◆ **Collection entries**:
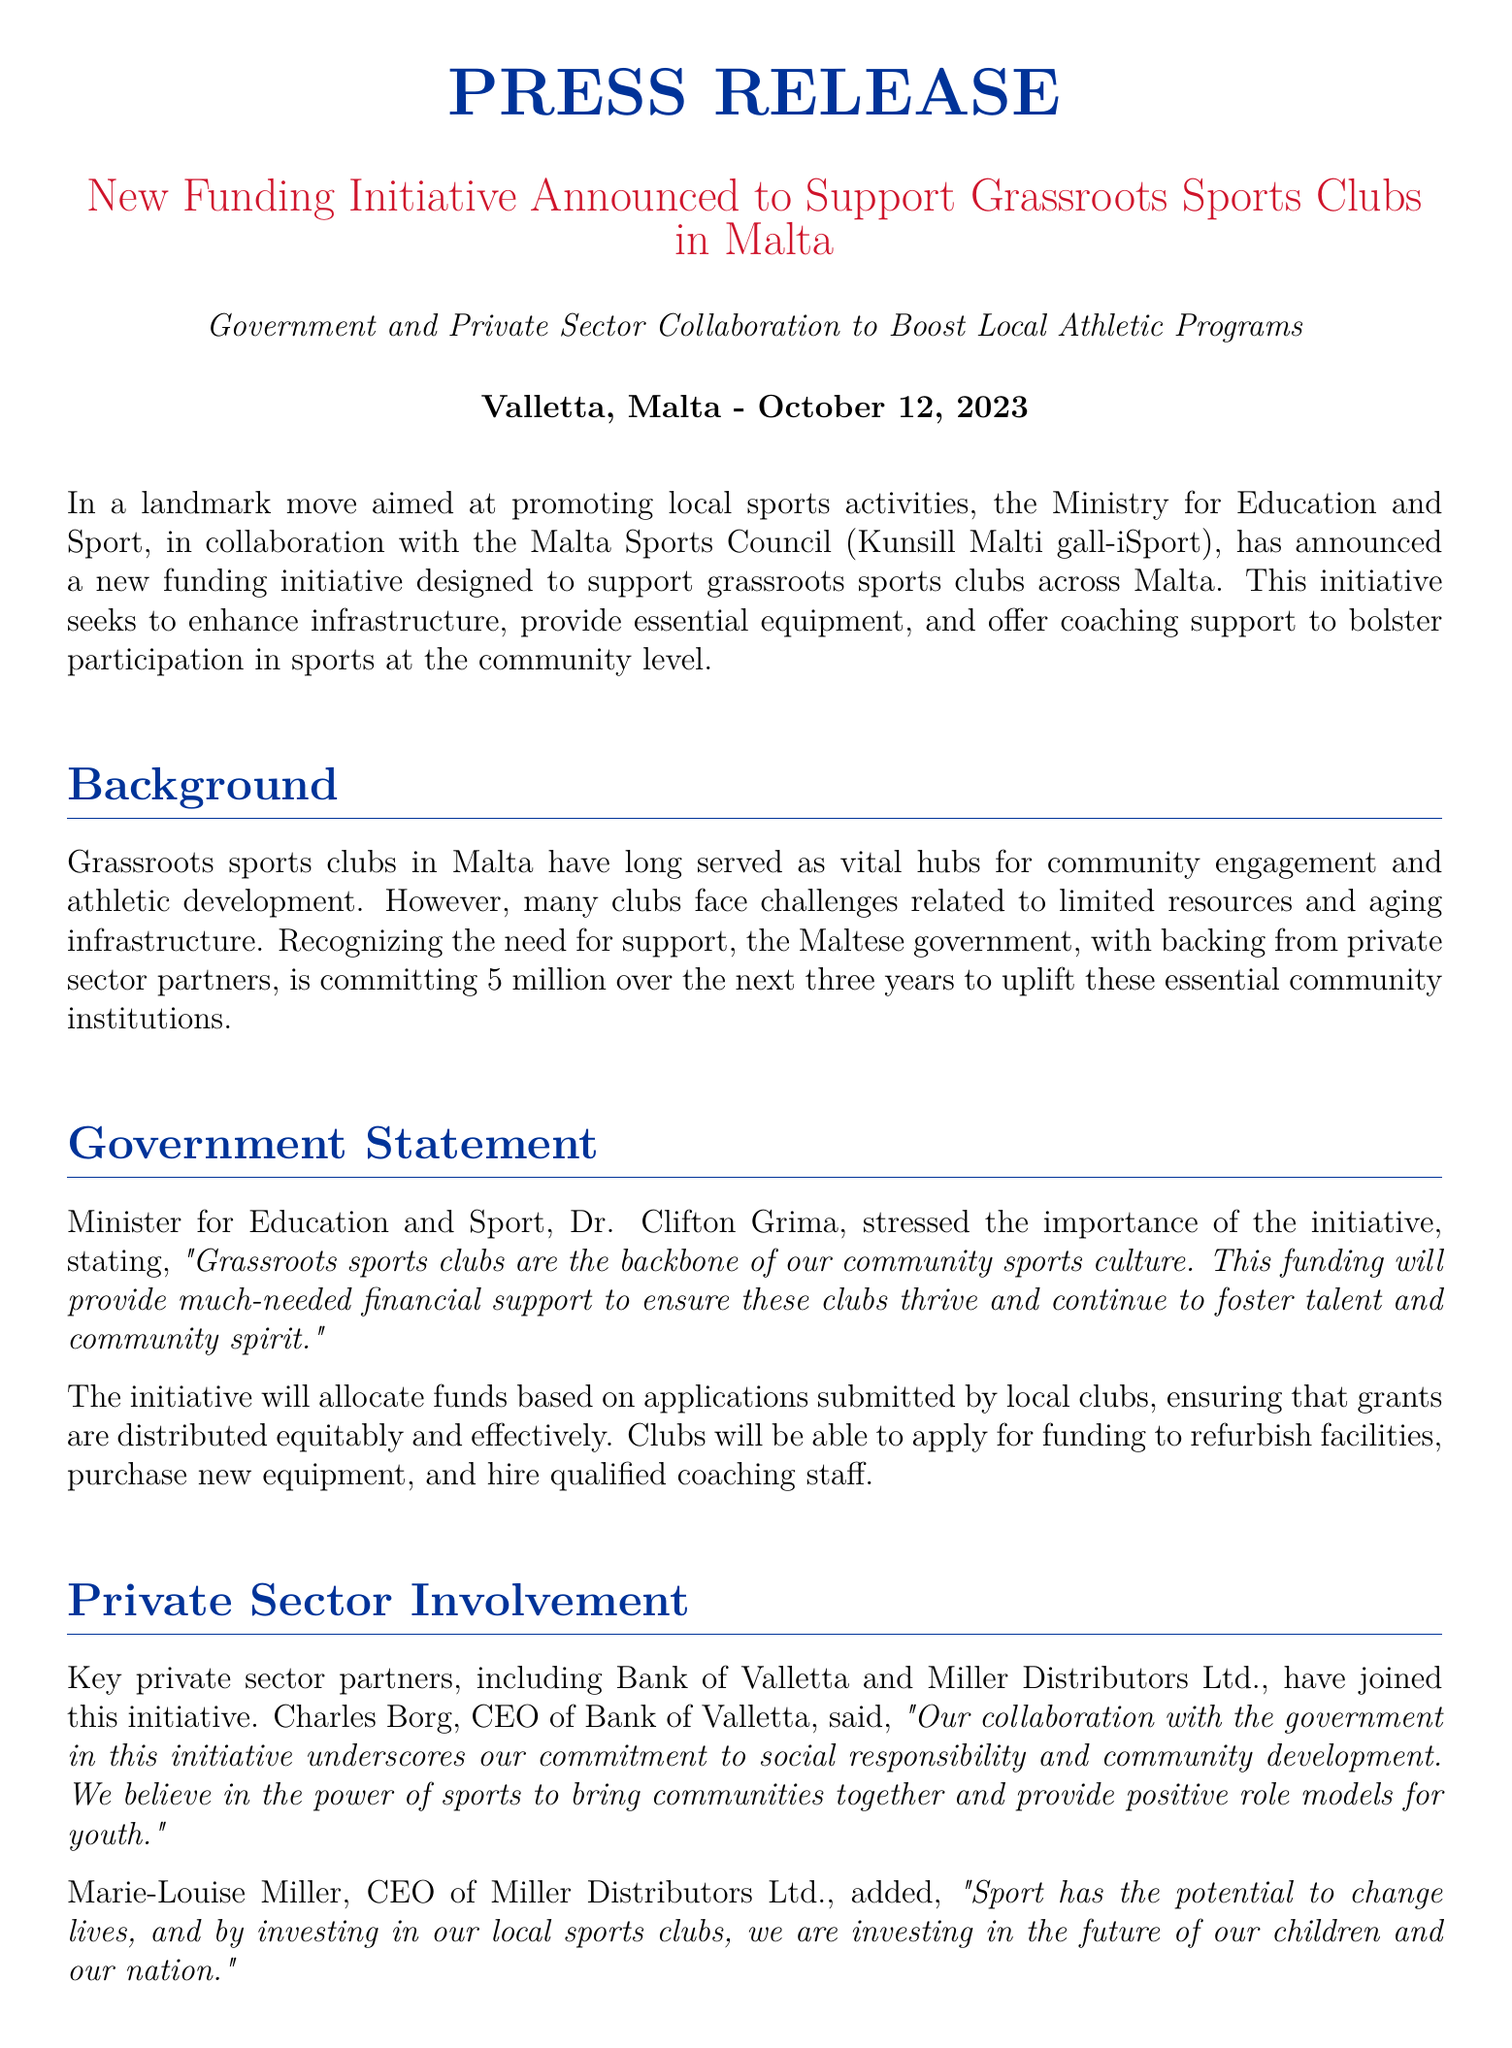What is the total funding amount for the initiative? The document states that the Maltese government is committing €5 million over the next three years to support grassroots sports clubs.
Answer: €5 million Who is the Minister for Education and Sport? The document mentions that Dr. Clifton Grima is the Minister for Education and Sport who made statements regarding the initiative.
Answer: Dr. Clifton Grima Which private sector partner is mentioned first in the document? The press release lists Bank of Valletta as the first private sector partner involved in the initiative.
Answer: Bank of Valletta What is the expected community impact of this funding initiative? The document outlines significant benefits such as enhanced physical and mental health and strengthened community bonds through shared sports experiences.
Answer: Enhanced physical and mental health Who commented on the funding as a game changer for clubs? The press release quotes John Camilleri, President of the Marsaxlokk Youth Football Club, regarding the impact of the funding on clubs.
Answer: John Camilleri What is the main purpose of this funding initiative? The document states that the main goal of the initiative is to support grassroots sports clubs by enhancing infrastructure, providing essential equipment, and offering coaching support.
Answer: Support grassroots sports clubs What type of collaboration is highlighted in this funding initiative? The document emphasizes a collaboration between the government and private sector to boost local athletic programs.
Answer: Government and Private Sector Collaboration How can clubs apply for the funding? The document mentions that clubs will be able to apply for funding through applications submitted to receive grants for refurbishing facilities and other needs.
Answer: By submitting applications 
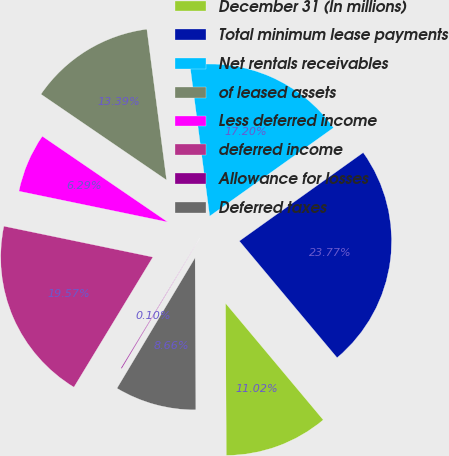Convert chart. <chart><loc_0><loc_0><loc_500><loc_500><pie_chart><fcel>December 31 (In millions)<fcel>Total minimum lease payments<fcel>Net rentals receivables<fcel>of leased assets<fcel>Less deferred income<fcel>deferred income<fcel>Allowance for losses<fcel>Deferred taxes<nl><fcel>11.02%<fcel>23.77%<fcel>17.2%<fcel>13.39%<fcel>6.29%<fcel>19.57%<fcel>0.1%<fcel>8.66%<nl></chart>

◆ **EXERCISE PROMPT**: Every line between the one containing "Answer: Support grassroots" and the last line of the data above, both included, should be copied exactly, but not the pictures.

◆ **ANSWER TO THE PROBLEM**:
Answer: Support grassroots sports clubs What type of collaboration is highlighted in this funding initiative? The document emphasizes a collaboration between the government and private sector to boost local athletic programs.
Answer: Government and Private Sector Collaboration How can clubs apply for the funding? The document mentions that clubs will be able to apply for funding through applications submitted to receive grants for refurbishing facilities and other needs.
Answer: By submitting applications 
Convert chart. <chart><loc_0><loc_0><loc_500><loc_500><pie_chart><fcel>December 31 (In millions)<fcel>Total minimum lease payments<fcel>Net rentals receivables<fcel>of leased assets<fcel>Less deferred income<fcel>deferred income<fcel>Allowance for losses<fcel>Deferred taxes<nl><fcel>11.02%<fcel>23.77%<fcel>17.2%<fcel>13.39%<fcel>6.29%<fcel>19.57%<fcel>0.1%<fcel>8.66%<nl></chart>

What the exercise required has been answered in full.